▶ **Work item**: Output range, inclusive: from the line containing "#13 bicycle <box>1116,616,1163,666</box>" to the line containing "#28 bus <box>957,580,979,607</box>". Restate those lines from the data below word for word and only those.
Segment Start: Records provided
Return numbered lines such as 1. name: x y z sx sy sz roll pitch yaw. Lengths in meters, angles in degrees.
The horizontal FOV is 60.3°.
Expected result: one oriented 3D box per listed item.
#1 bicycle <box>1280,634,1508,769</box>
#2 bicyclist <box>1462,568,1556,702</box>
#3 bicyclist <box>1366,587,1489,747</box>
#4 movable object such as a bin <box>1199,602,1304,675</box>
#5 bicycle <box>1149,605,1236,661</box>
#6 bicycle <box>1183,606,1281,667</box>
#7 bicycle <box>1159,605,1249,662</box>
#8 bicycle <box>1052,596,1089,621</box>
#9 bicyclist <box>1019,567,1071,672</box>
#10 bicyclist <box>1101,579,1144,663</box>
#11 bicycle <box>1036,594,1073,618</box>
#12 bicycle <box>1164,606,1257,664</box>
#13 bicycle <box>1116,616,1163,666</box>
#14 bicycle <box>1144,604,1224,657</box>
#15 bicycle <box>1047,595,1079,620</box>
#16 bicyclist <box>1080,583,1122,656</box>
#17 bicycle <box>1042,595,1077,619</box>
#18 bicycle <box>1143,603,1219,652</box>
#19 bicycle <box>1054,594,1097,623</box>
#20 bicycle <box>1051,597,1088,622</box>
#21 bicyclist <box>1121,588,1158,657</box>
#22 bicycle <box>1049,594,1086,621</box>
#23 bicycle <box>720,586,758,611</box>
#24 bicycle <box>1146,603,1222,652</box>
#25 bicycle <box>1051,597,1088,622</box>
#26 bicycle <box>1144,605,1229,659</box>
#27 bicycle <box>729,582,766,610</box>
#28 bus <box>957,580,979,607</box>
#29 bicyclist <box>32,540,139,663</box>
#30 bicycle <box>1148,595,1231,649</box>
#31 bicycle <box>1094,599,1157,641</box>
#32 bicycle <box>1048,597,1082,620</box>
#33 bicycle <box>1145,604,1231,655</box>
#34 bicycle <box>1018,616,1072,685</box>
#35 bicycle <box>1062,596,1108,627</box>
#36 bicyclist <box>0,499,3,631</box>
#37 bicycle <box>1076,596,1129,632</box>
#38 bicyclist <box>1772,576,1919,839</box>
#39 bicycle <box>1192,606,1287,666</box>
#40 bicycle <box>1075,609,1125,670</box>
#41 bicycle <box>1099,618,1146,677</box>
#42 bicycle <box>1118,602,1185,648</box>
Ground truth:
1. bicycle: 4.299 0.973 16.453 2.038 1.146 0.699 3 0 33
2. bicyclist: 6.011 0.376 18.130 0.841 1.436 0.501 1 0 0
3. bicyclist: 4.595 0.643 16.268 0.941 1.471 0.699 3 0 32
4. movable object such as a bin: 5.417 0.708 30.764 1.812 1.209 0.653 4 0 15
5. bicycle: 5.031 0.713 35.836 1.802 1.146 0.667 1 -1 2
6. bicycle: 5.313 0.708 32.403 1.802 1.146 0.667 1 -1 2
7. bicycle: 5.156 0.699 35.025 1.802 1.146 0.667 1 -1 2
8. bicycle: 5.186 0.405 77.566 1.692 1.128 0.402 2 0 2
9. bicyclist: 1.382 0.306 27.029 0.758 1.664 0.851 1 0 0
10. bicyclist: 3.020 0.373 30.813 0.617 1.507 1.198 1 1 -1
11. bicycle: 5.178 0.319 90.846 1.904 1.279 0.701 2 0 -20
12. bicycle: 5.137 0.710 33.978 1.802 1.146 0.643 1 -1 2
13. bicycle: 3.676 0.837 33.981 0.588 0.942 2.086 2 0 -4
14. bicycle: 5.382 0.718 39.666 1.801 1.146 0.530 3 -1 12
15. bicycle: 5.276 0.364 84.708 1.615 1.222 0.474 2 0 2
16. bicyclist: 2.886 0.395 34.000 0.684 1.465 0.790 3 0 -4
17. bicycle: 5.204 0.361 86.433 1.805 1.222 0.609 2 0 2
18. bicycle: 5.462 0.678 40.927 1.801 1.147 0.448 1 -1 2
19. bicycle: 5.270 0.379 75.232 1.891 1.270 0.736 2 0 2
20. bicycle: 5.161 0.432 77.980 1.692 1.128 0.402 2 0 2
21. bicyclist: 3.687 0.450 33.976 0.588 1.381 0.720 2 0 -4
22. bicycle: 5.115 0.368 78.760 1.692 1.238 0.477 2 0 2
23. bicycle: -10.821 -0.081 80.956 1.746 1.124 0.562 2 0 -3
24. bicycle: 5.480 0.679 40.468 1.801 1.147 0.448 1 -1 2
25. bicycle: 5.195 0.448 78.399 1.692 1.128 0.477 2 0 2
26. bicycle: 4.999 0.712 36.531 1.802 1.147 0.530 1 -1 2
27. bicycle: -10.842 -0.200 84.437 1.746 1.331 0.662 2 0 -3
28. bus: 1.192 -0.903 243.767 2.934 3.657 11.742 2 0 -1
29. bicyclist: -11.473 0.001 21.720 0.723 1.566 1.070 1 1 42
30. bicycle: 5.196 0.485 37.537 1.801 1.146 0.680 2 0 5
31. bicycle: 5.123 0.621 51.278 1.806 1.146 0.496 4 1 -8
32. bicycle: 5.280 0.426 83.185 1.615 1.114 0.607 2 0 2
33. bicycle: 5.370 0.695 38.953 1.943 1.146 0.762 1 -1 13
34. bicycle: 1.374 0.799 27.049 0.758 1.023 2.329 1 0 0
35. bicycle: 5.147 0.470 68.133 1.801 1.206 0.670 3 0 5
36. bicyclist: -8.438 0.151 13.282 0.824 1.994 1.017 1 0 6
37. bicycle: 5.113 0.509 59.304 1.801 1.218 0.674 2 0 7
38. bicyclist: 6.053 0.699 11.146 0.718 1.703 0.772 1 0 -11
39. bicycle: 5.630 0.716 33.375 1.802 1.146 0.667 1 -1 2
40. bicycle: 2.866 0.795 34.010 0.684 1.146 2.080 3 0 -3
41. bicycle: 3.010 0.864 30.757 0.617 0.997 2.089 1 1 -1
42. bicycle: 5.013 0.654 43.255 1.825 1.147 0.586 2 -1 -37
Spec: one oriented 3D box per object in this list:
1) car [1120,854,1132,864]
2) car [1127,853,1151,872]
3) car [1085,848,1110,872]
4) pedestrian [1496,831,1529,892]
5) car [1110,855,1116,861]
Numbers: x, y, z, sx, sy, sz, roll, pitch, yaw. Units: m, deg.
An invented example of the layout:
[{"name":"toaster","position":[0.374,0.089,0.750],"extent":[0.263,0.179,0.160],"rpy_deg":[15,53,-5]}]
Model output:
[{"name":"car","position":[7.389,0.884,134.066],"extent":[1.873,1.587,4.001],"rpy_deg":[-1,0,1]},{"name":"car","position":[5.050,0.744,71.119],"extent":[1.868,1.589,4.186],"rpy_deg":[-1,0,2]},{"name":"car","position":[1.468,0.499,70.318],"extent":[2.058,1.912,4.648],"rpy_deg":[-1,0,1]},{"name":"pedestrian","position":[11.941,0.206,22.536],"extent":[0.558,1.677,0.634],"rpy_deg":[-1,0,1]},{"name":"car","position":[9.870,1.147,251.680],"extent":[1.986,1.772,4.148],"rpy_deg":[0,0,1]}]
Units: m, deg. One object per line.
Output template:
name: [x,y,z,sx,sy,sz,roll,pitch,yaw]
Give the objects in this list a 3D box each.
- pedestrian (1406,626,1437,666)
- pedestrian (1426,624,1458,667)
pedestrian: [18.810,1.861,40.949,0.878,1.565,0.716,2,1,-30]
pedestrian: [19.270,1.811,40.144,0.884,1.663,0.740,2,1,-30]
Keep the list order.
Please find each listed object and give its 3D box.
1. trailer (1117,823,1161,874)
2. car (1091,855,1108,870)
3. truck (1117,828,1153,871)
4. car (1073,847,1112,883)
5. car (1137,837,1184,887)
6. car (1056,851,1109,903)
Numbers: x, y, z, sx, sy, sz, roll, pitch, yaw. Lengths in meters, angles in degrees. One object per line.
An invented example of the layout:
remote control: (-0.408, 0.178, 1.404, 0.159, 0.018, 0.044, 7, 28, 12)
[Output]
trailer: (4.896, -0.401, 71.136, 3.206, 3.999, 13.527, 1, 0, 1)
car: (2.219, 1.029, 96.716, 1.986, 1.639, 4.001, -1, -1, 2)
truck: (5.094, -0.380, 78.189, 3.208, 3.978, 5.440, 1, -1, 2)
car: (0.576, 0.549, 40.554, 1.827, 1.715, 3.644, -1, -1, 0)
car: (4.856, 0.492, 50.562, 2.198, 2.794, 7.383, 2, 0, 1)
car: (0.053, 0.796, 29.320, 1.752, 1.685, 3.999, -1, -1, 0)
Segment End: Records provided
▶ **Answer space**:
#13 bicycle <box>1116,616,1163,666</box>
#14 bicycle <box>1144,604,1224,657</box>
#15 bicycle <box>1047,595,1079,620</box>
#16 bicyclist <box>1080,583,1122,656</box>
#17 bicycle <box>1042,595,1077,619</box>
#18 bicycle <box>1143,603,1219,652</box>
#19 bicycle <box>1054,594,1097,623</box>
#20 bicycle <box>1051,597,1088,622</box>
#21 bicyclist <box>1121,588,1158,657</box>
#22 bicycle <box>1049,594,1086,621</box>
#23 bicycle <box>720,586,758,611</box>
#24 bicycle <box>1146,603,1222,652</box>
#25 bicycle <box>1051,597,1088,622</box>
#26 bicycle <box>1144,605,1229,659</box>
#27 bicycle <box>729,582,766,610</box>
#28 bus <box>957,580,979,607</box>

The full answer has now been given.